◆ **RECORDS FOR PROCESSING**:

'''

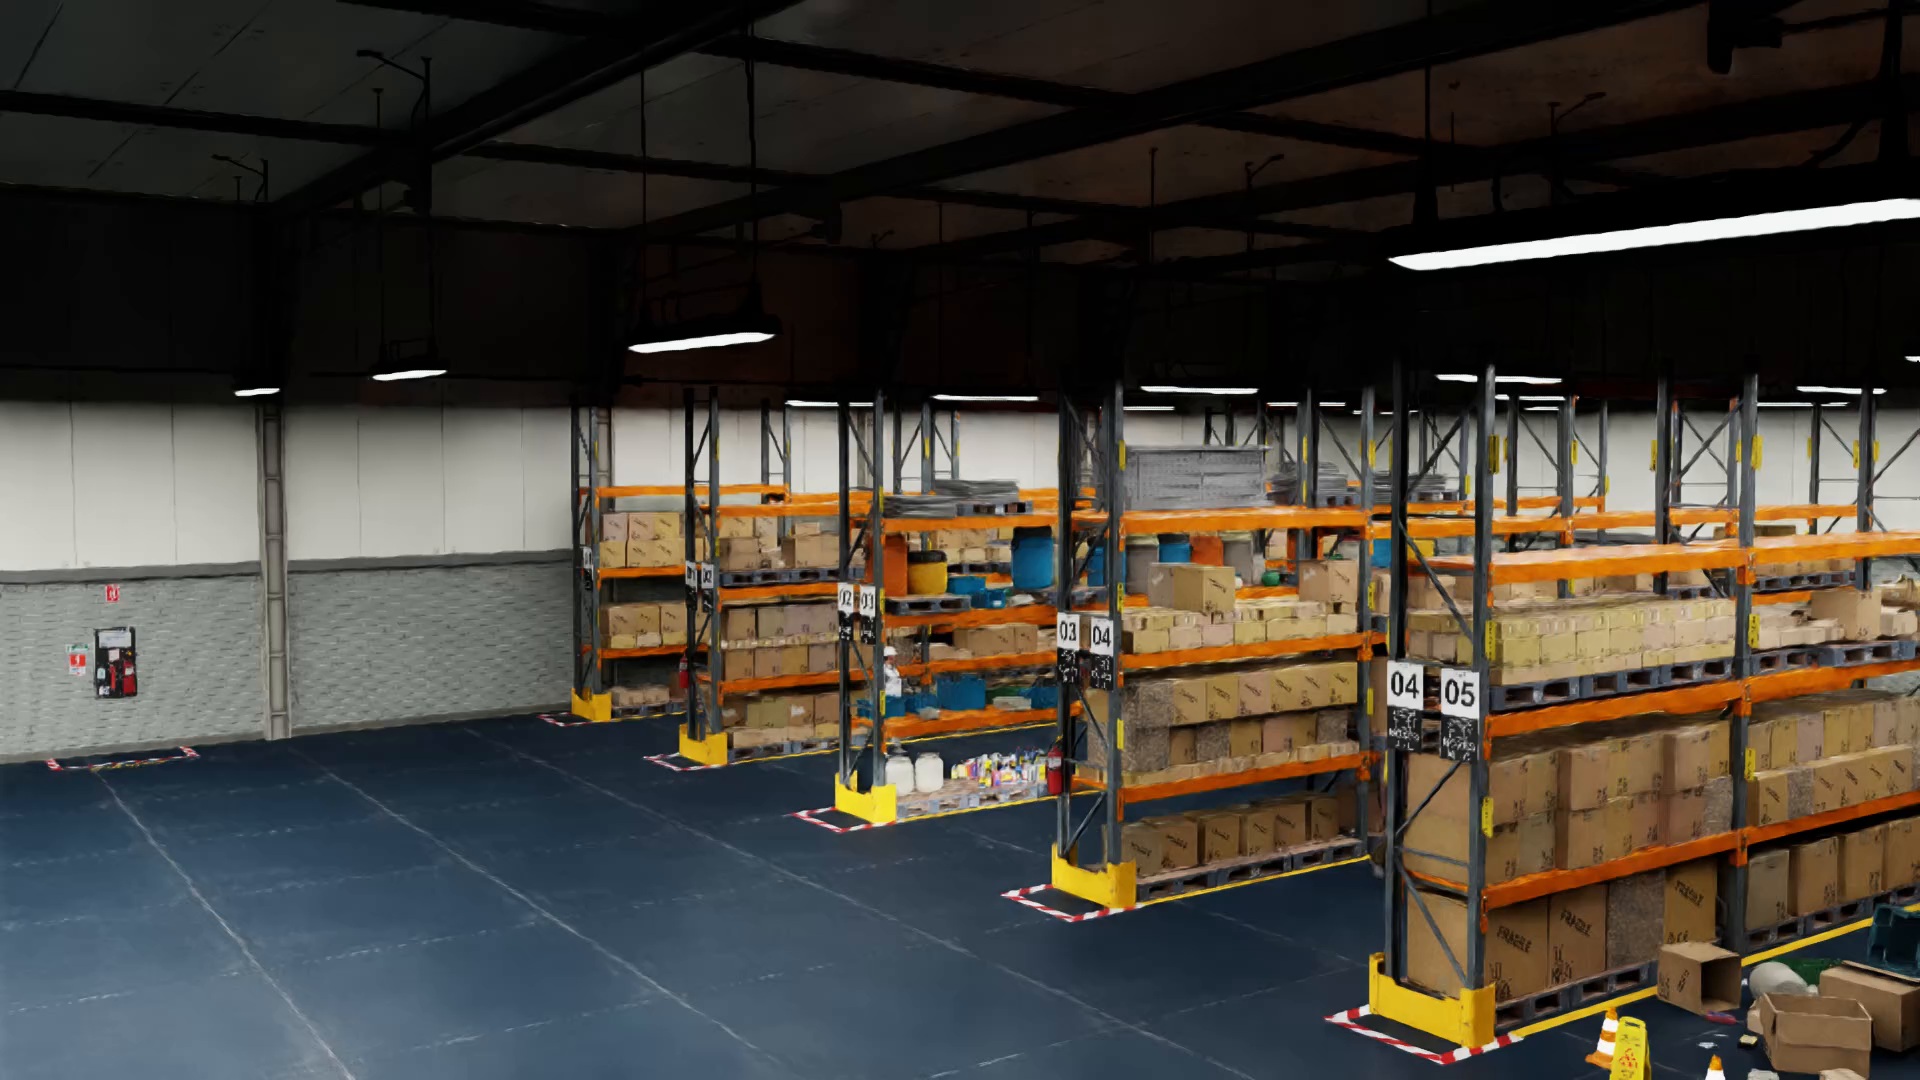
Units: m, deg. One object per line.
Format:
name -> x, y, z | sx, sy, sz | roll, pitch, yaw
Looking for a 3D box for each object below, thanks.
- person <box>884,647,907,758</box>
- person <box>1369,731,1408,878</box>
person -> -1.116, 2.631, 27.130 | 0.448, 1.780, 0.586 | 2, 4, 24
person -> 5.076, 3.100, 19.524 | 0.517, 1.775, 0.634 | 2, 4, 30
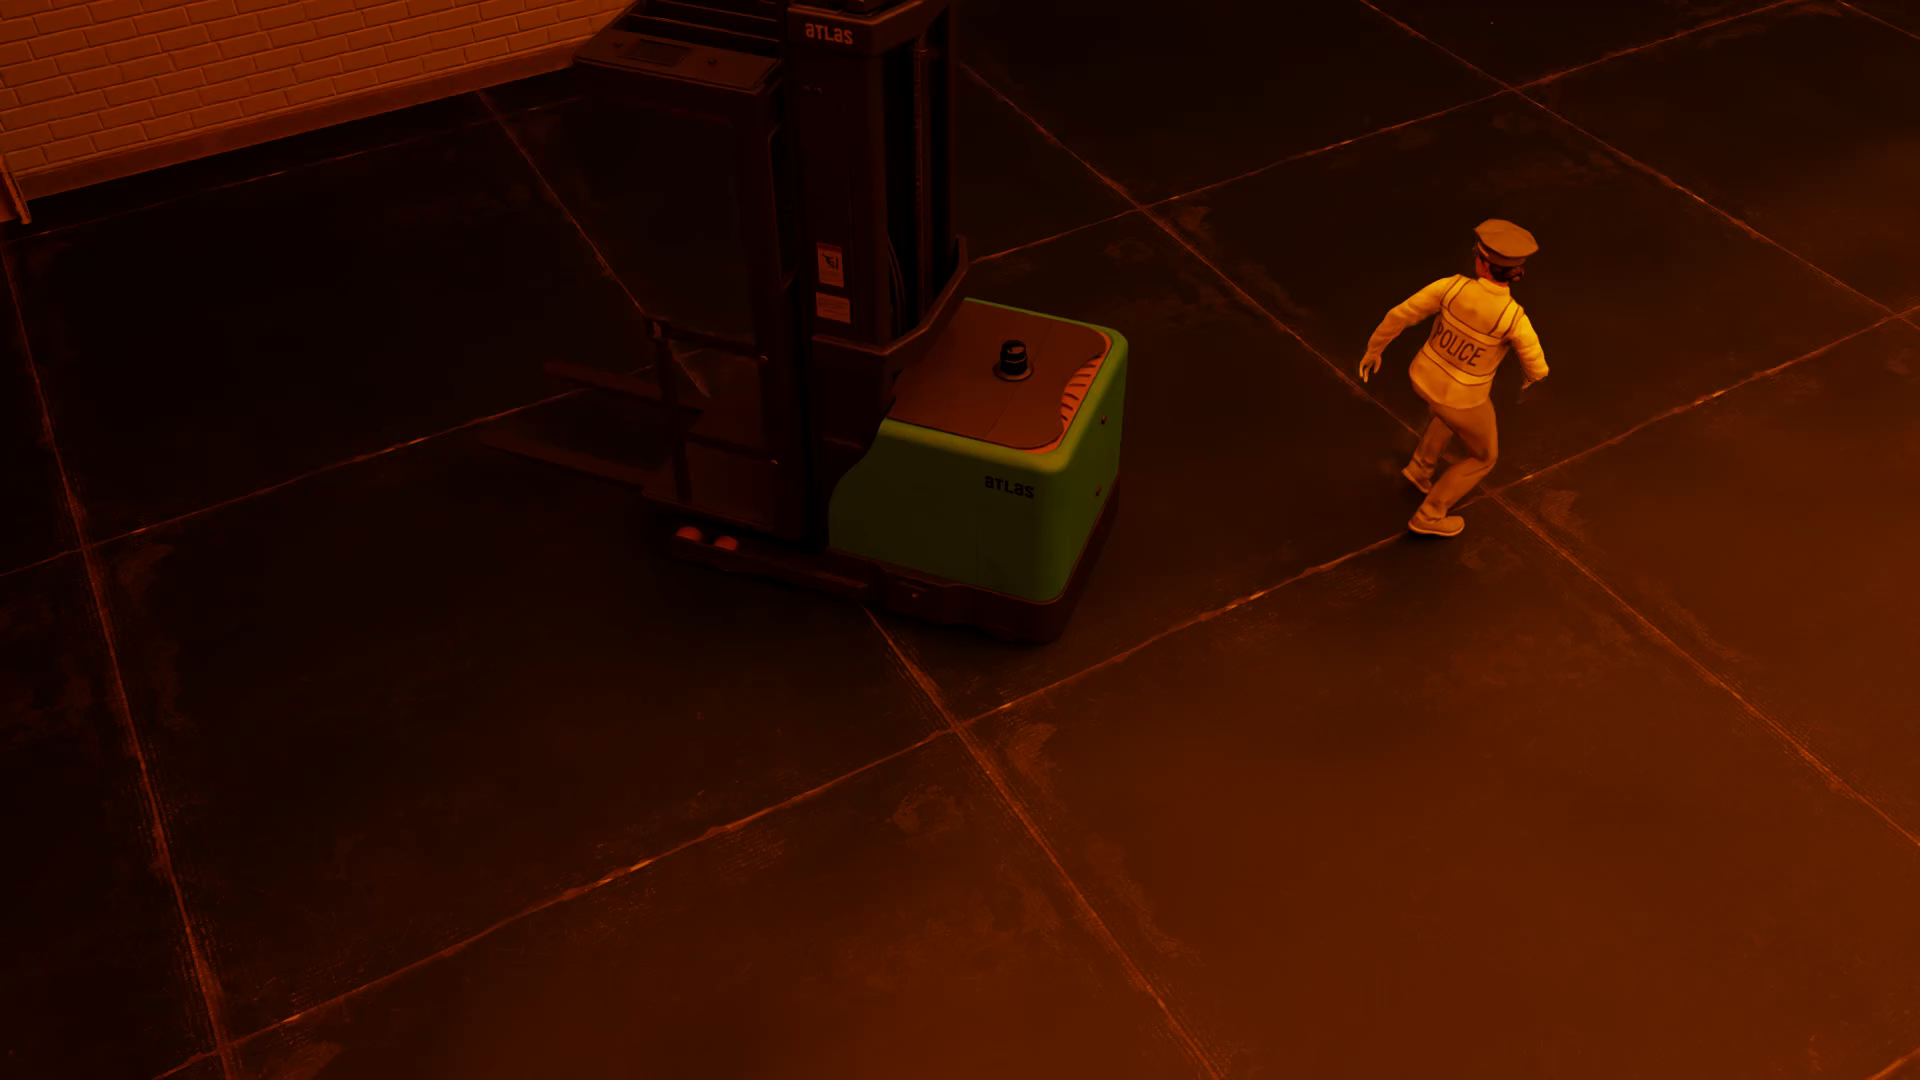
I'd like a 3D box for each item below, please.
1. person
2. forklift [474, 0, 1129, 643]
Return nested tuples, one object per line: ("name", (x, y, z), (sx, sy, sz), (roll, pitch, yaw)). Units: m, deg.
("person", (2.239, -0.696, 7.453), (0.671, 1.613, 0.654), (-22, 47, -22))
("forklift", (-0.821, -1.248, 7.044), (3.031, 2.935, 1.130), (14, 45, 15))

'''

◆ **EXERCISE BRIEF**: Output the whole listing without change. Any picture is to be left out.

◆ **RESPONSE**:
Units: m, deg. One object per line.
Format:
name -> x, y, z | sx, sy, sz | roll, pitch, yaw
Looking for a 3D box for each object below, thanks.
- person <box>884,647,907,758</box>
- person <box>1369,731,1408,878</box>
person -> -1.116, 2.631, 27.130 | 0.448, 1.780, 0.586 | 2, 4, 24
person -> 5.076, 3.100, 19.524 | 0.517, 1.775, 0.634 | 2, 4, 30
I'd like a 3D box for each item below, please.
1. person
2. forklift [474, 0, 1129, 643]
Return nested tuples, one object per line: ("name", (x, y, z), (sx, sy, sz), (roll, pitch, yaw)). Units: m, deg.
("person", (2.239, -0.696, 7.453), (0.671, 1.613, 0.654), (-22, 47, -22))
("forklift", (-0.821, -1.248, 7.044), (3.031, 2.935, 1.130), (14, 45, 15))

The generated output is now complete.